(Beginning of Information shown)
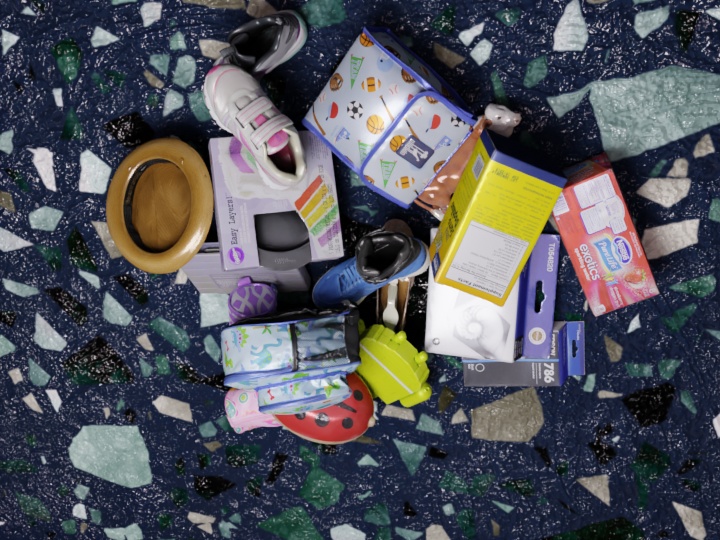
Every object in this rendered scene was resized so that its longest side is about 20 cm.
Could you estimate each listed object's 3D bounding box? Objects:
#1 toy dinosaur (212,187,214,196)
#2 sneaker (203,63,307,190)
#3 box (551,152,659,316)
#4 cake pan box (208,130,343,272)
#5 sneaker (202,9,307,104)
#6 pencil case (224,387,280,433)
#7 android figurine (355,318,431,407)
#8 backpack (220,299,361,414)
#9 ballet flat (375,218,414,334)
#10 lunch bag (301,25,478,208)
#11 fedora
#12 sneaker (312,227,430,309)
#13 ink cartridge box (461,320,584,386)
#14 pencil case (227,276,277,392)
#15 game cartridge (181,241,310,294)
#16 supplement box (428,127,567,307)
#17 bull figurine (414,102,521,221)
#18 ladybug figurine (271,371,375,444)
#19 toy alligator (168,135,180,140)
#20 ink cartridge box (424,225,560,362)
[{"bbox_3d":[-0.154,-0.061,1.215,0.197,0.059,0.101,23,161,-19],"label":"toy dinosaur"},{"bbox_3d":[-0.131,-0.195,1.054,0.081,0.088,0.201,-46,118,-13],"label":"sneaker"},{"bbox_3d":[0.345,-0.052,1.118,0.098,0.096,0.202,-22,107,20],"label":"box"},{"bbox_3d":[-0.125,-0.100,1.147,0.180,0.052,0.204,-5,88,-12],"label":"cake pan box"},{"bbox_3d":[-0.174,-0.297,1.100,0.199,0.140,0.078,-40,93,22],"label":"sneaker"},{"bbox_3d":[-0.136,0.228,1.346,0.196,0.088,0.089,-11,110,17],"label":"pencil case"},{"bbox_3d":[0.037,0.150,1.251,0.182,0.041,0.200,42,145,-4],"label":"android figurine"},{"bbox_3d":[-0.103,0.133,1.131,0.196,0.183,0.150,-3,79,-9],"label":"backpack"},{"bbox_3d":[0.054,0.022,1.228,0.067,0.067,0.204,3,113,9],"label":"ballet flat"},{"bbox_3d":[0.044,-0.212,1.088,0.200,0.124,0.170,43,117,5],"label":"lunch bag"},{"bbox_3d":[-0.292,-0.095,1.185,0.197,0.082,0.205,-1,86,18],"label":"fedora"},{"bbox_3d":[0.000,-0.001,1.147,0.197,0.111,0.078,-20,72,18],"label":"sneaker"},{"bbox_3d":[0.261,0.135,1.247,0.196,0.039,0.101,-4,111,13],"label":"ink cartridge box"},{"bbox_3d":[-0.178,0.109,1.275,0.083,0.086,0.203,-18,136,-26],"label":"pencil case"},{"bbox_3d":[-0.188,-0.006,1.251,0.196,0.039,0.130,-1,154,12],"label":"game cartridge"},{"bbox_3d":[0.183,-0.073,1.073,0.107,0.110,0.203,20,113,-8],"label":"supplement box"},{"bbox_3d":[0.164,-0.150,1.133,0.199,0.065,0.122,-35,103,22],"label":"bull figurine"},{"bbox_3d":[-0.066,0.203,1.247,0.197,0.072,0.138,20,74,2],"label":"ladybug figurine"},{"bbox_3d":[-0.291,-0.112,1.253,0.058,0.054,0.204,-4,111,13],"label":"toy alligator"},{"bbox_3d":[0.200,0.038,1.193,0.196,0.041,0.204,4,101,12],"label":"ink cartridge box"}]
(End of Information shown)
(Beginning of Information shown)
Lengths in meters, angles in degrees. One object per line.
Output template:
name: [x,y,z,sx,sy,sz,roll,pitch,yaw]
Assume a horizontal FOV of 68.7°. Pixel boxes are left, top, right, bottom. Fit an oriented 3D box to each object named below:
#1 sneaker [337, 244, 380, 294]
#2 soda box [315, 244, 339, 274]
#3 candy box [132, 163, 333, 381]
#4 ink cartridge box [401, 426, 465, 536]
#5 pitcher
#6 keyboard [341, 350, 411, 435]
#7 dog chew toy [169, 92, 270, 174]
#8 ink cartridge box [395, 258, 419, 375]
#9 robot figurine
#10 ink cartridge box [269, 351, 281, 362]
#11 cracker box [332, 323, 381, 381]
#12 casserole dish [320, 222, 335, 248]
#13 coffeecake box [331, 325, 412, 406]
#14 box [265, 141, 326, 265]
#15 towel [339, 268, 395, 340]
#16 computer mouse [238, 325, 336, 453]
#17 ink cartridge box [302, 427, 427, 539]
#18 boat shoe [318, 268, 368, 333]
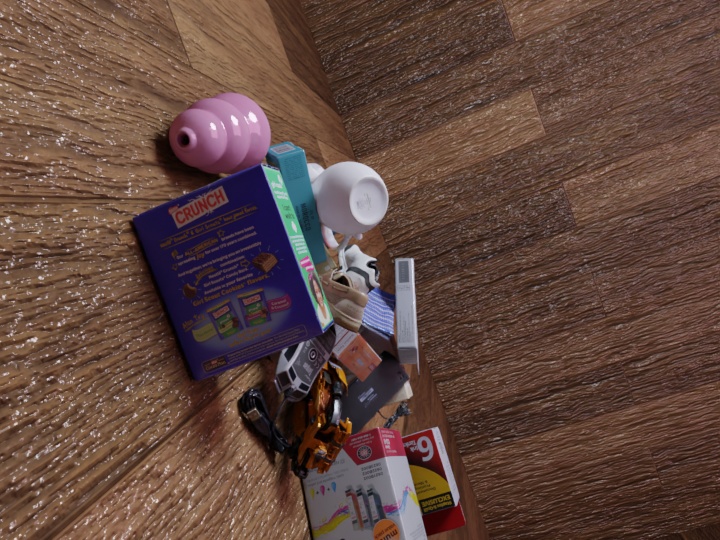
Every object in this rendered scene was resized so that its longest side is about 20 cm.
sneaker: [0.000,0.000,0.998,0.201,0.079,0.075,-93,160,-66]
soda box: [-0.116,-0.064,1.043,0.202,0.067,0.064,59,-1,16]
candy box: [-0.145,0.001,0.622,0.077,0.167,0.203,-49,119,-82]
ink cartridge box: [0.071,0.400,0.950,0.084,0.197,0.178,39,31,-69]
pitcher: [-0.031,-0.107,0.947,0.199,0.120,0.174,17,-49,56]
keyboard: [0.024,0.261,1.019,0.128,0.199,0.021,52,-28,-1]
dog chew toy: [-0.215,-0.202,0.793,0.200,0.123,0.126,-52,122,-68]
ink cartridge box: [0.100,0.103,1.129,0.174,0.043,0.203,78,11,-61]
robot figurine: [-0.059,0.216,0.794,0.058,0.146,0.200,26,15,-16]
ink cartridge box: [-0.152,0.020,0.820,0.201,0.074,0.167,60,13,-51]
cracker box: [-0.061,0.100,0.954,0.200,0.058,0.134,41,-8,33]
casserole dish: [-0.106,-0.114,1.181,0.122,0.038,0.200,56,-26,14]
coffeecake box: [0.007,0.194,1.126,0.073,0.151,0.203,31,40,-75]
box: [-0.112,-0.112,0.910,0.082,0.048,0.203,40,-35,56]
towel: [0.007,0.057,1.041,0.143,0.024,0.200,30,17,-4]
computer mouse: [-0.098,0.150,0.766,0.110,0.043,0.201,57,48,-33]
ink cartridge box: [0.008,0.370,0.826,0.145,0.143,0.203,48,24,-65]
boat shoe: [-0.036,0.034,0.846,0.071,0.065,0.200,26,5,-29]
(End of Information shown)
# Your goal
Extract the lines of the preceding material that run from the line with "#17 ink cartridge box [302, 427, 427, 539]" through the line with "#18 boat shoe [318, 268, 368, 333]", inclusive, reproducing them exactly and adding nothing.

# Solved problem
#17 ink cartridge box [302, 427, 427, 539]
#18 boat shoe [318, 268, 368, 333]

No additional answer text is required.